她到底是什么地方败给了陈静莎?哦,因为情感麻痹。
易羡舟禁不住扶住额头,继续笑了起来。
她怎么忘了呢,自己根本就是个跛子。
笑着笑着,易羡舟又垂下了眼。
她为什么会和陈静莎比呢?她果然是想要把姜诗意绑在身边的吗?果然是独占欲太强了吗?
假如陈静莎没有问题的话,自己会不会也会采取类似的行为呢?她一定会的吧。她小时候可是和易木心抢过东西的。
她肯定也骨子里就不是什么好东西。
她是不是太贪了?
明明姜诗意已经对她很好了,会开导她,会维护她,还总是笑意盈盈地陪伴她,可是她呢,她却不仅不感激,还想要得到更多。
她错了。她又做错事了。她又被贪念挟持了。她不该这样。
她该被打手心。
她怎么就这么喜欢跟人争呢?怎么就这么不知足?怎么就这么……
为什么会这样?她还是个人么?
她真的不知道自己是个什么东西,可能是个畜生吧,一个会去伤害别人的畜生。
忽然一下子,她的心脏就像是在被人不断地往外抽着气,隐隐约约的疼痛感蔓延在各个地方。
扶着旁边那堵白墙,易羡舟不知道是怎么一回事儿,身上忽然开始发起了抖,令她不由自主地弯下了腰。
与此同时,一辆外表黑亮的车子从边上拐了个弯,朝着这边缓缓驶来。易羡舟却也无暇去看,只觉得自己头晕目眩,眼前的一切都变成了一片花白,最后缩在了墙角处。
苟延残喘。
车子里头,易木心本来还戴着耳机摇头晃脑地听着来自韩团的劲歌热舞,无意间抬头一瞟,眯着眼睛将一只蓝牙耳塞给取了下来。
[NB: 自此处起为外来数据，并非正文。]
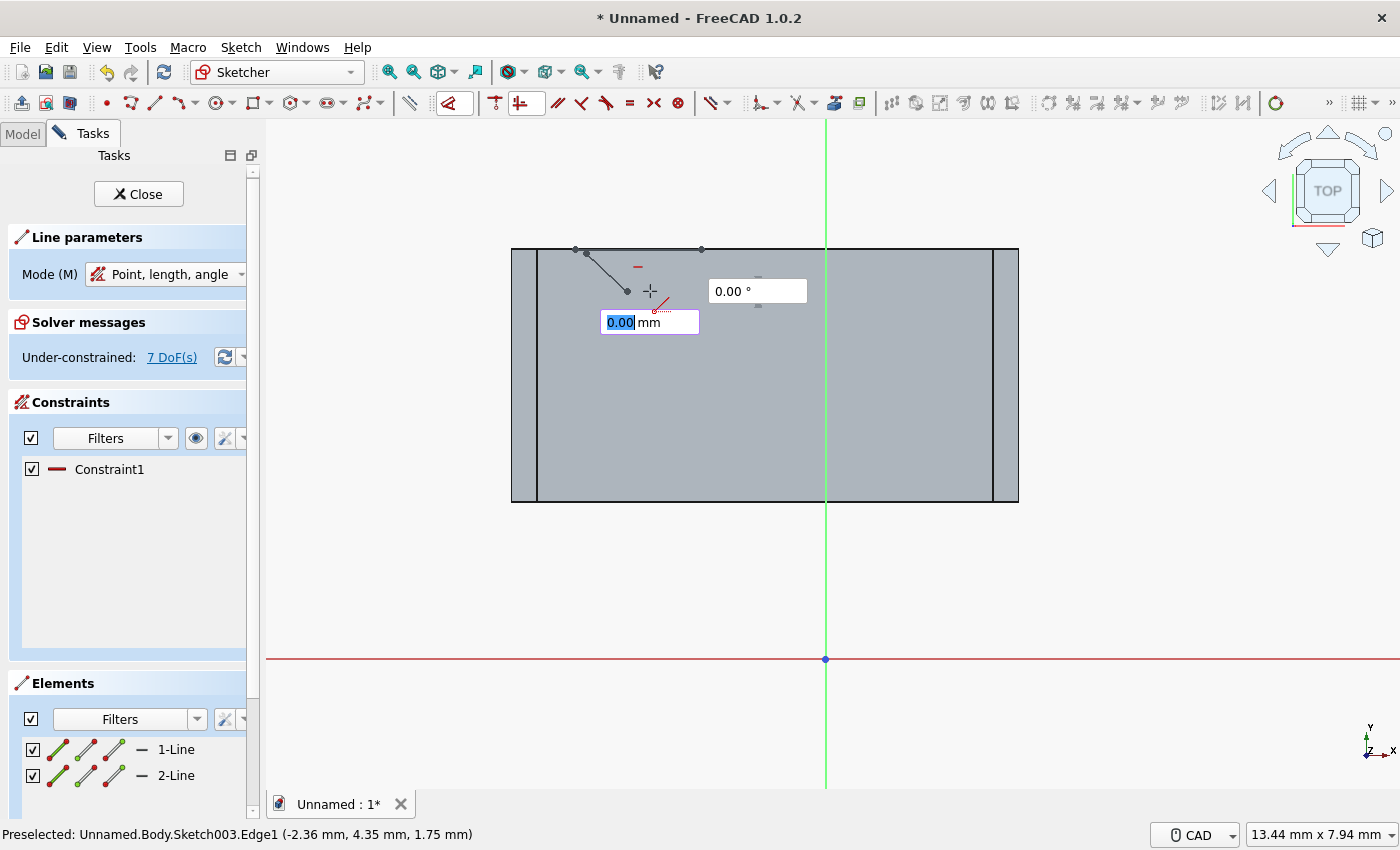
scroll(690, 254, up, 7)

“那是我姐吧?”易木心坐直身子,抬手指过去:“她怎么了,该不是犯病了吧?”
易成天和木以萍在易木心的提示下,一道儿望了出去。
“不是都好了么,怎么又犯病了。”木以萍蹙眉:“这难道一辈子都好不了是吗?”
易成天叹气,将车子缓缓停了下来:“你先带心心回家吧,我带她去医院看看。她得快点儿好起来才行。”
“有些事情还得靠她处理呢,这么没精神可不太好。”
彼此间的对话很是镇定,似乎都已经见怪不怪了。
“那你带她去吧。”木以萍看了眼易羡舟,就和易木心一块儿打开车门走了下去-
姜诗意到达和陈静莎约好的那家甜品店门口时,陈静莎已经早早地坐在那儿了。
在精致得如同八音盒一样的甜品店中,陈静莎穿着一身甜美的米色连衣裙和白色丝袜,外头披了件咖啡色的斗篷,这会儿正捧着一杯热饮静静地喝着,看起来特别清纯。
透过玻璃窗,陈静莎冲姜诗意招了招手,姜诗意收拾起满面愁容,推开门走了进去。
在陈静莎对面坐下后,姜诗意卸下肩上的包后,将它给放到了一边:“等我很久了吗?”
“没有很久,我也才刚刚到呢。”陈静莎上下打量着姜诗意:“诗意姐你今天真漂亮。”
等得久不久又怎样?在她看来,能够见到姜诗意,就已经很值了。